Location
- 630 Cousar Street Bishopville, South Carolina 29010 United States 34°13′25″N 80°13′50″W﻿ / ﻿34.2234882°N 80.2306271°W

Information
- Type: Private school
- Established: 1965
- NCES School ID: 01265066
- Head of school: Brad Bochette
- Teaching staff: 24.8 (on an FTE basis)
- Grades: PK–12
- Gender: Co-educational
- Enrollment: 283 (2017–2018, excluding PK)
- Student to teacher ratio: 11.4
- Nickname: Cavaliers
- Website: www.myleeacademy.org

= Lee Academy (South Carolina) =

Private school in Bishopville, South Carolina, United States

Lee Academy, formerly Robert E. Lee Academy, is a co-educational private school in Bishopville, South Carolina, United States.

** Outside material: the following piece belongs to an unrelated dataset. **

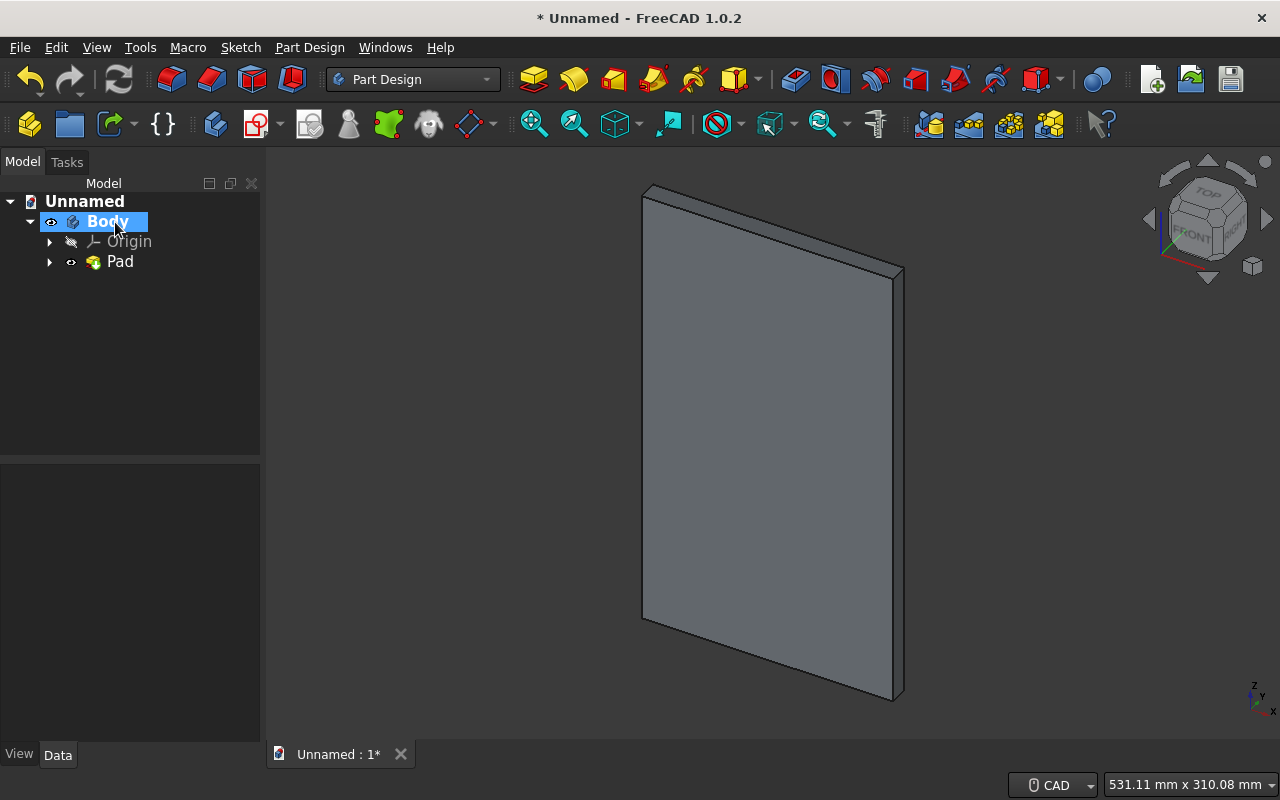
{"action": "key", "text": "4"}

It was established in 1965 as a segregation academy and continued to serve an overwhelmingly white student body in the 2000s, with only three black students among a student body of more than 250 in 2018.

== History ==
Prior to 1965, Bishopville High School served white students, while black students attended Dennis High School three blocks away. In 1965, the Federal government mandated the integration of public schools in South Carolina. In response, many segregation academies like Robert E. Lee Academy were established by white parents so their children could continue with a segregated education. The school was named after Confederate general Robert E. Lee. According to SCISA founder Tom Turnipseed, Robert E. Lee academy was part of a pattern to oppose integration by founding segregated private schools, and naming them after Confederate leaders. As a result of the support of Lee Academy by Bishopville's white power structure, public schools in Lee county struggled to raise taxes to educate their predominantly black student populations.

As of 2000, the school did not enroll a single black student. In contrast, 92% of students in Lee County Public Schools were black. As of 2018, the school had three black students out of 268 total students.

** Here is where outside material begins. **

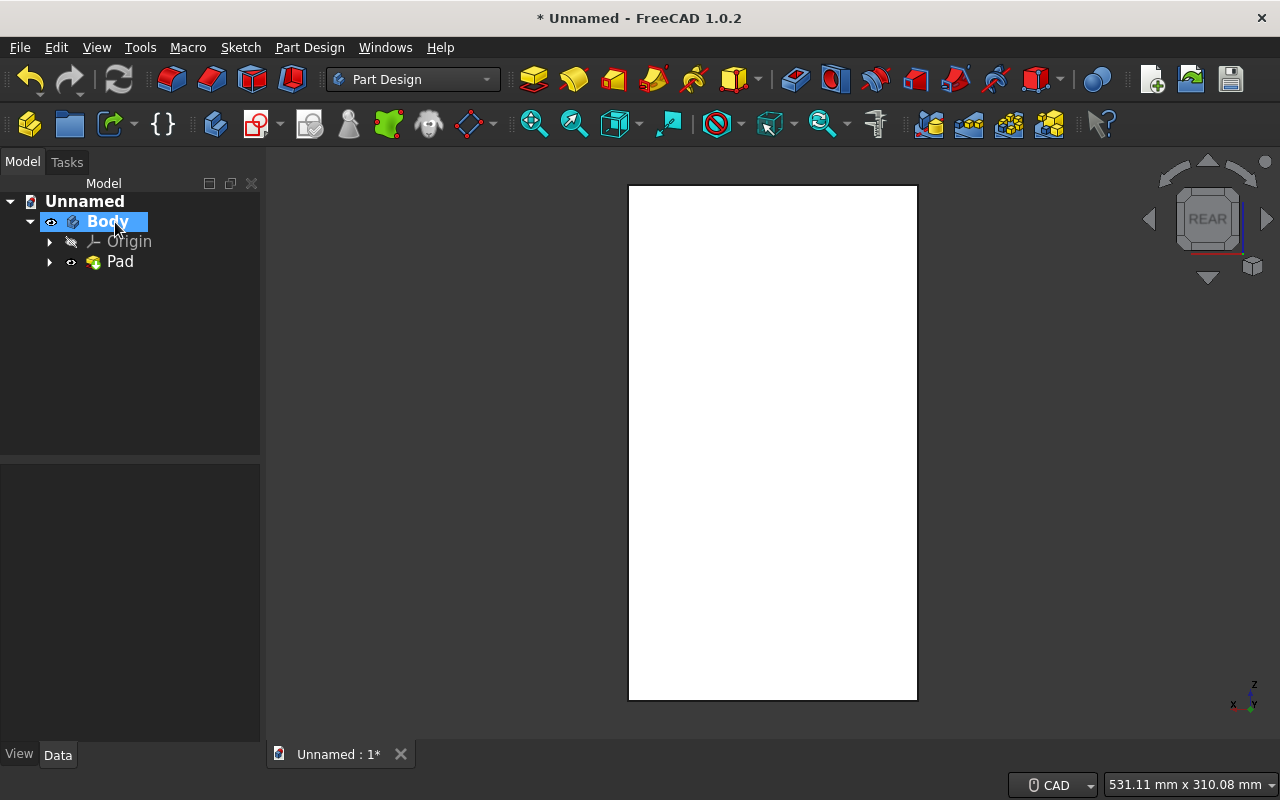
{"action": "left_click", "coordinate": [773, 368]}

In the summer of 2020, the school announced plans to change the name to Lee Academy.

== Academics ==
The school is accredited by the South Carolina Independent School Association (SCISA) and is internationally accredited by Cognia. College credits can be earned through Central Carolina Technical College.

== Athletics ==
In 2019, the school won the SCISA 2A championship in baseball.